Records to process>

● ● ● ● ● ● ●

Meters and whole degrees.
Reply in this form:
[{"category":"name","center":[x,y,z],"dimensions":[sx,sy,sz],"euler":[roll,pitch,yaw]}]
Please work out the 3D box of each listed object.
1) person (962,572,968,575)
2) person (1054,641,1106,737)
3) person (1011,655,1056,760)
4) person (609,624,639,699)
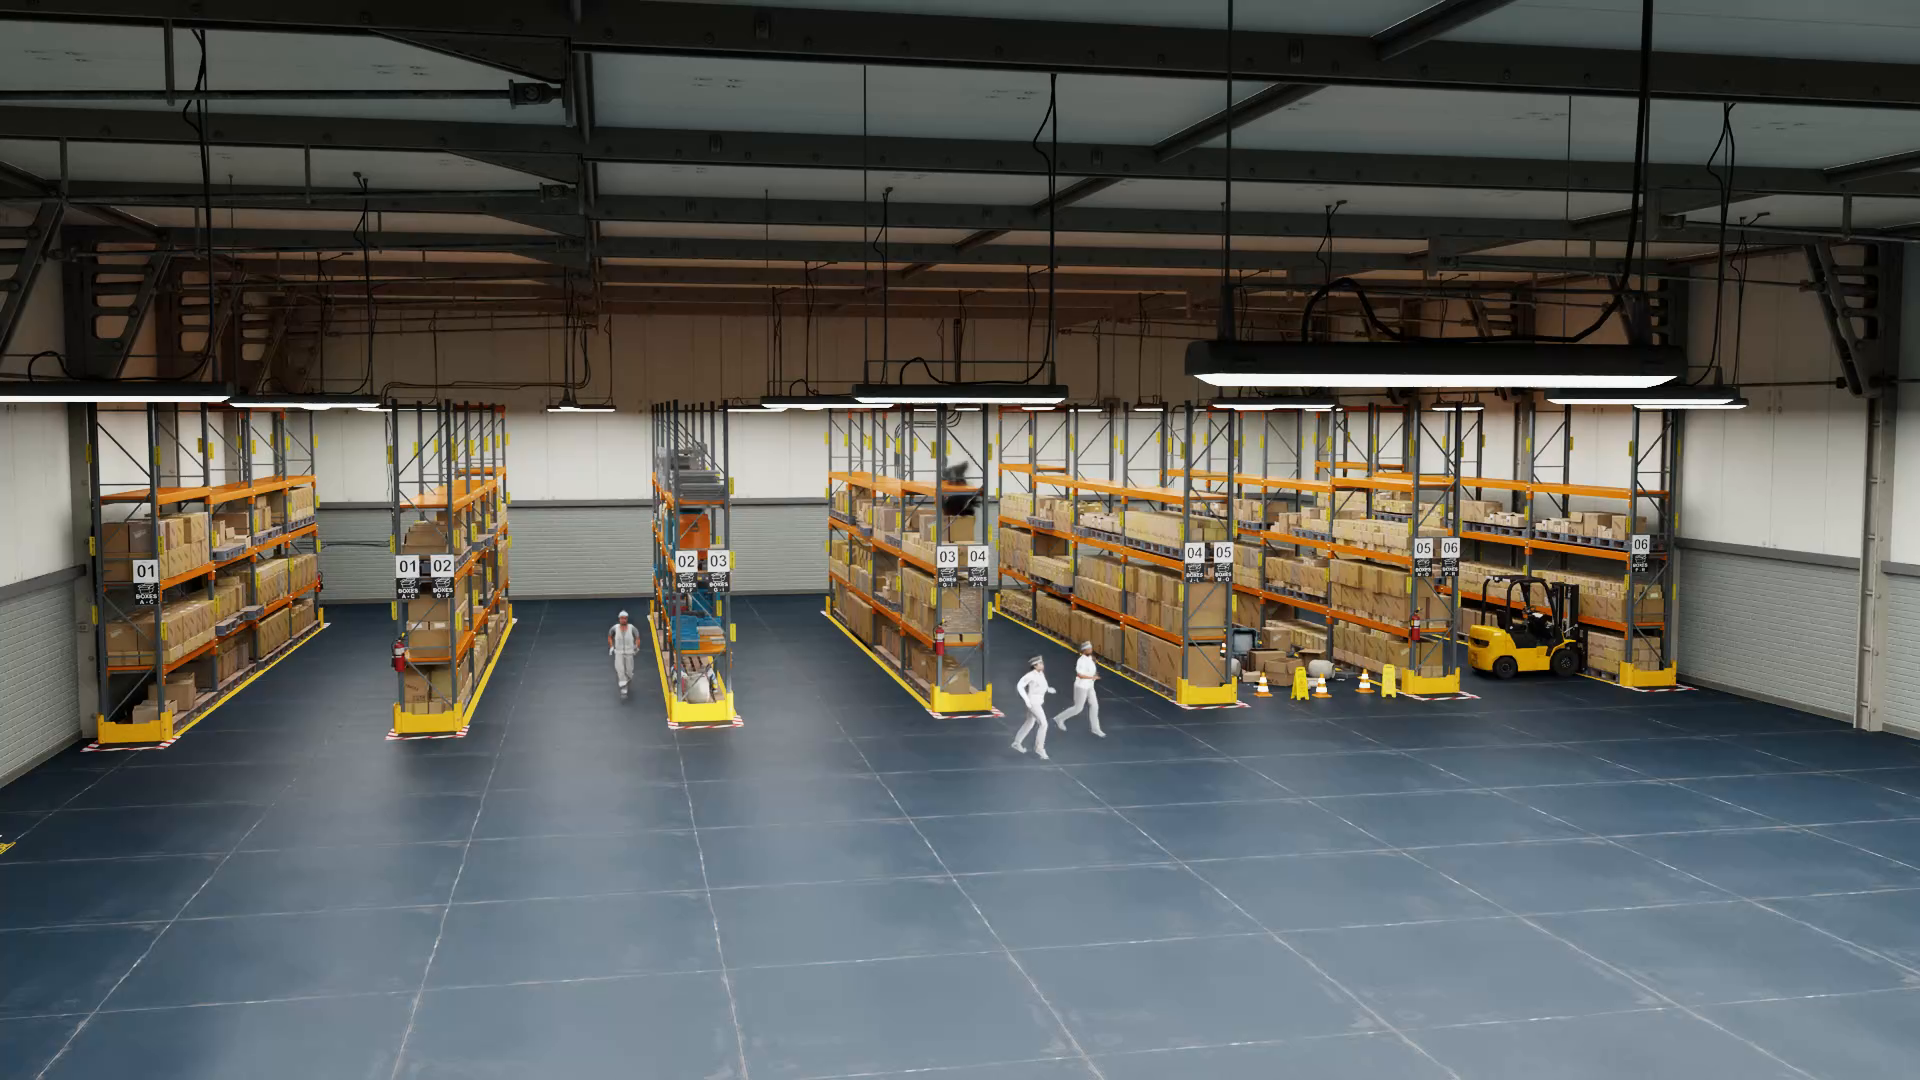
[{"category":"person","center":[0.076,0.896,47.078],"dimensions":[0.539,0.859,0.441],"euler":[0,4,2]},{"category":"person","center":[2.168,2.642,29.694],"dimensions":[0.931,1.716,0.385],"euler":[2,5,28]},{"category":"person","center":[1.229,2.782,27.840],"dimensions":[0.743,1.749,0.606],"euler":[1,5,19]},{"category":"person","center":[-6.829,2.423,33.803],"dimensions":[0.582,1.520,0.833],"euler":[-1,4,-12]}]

● ● ● ● ● ● ●

Omit each image and transcribe the remaining records word for word.

Meters and whole degrees.
Reply in this form:
[{"category":"name","center":[x,y,z],"dimensions":[sx,sy,sz],"euler":[roll,pitch,yaw]}]
Please work out the 3D box of each listed object.
1) person (962,572,968,575)
2) person (1054,641,1106,737)
3) person (1011,655,1056,760)
4) person (609,624,639,699)
[{"category":"person","center":[0.076,0.896,47.078],"dimensions":[0.539,0.859,0.441],"euler":[0,4,2]},{"category":"person","center":[2.168,2.642,29.694],"dimensions":[0.931,1.716,0.385],"euler":[2,5,28]},{"category":"person","center":[1.229,2.782,27.840],"dimensions":[0.743,1.749,0.606],"euler":[1,5,19]},{"category":"person","center":[-6.829,2.423,33.803],"dimensions":[0.582,1.520,0.833],"euler":[-1,4,-12]}]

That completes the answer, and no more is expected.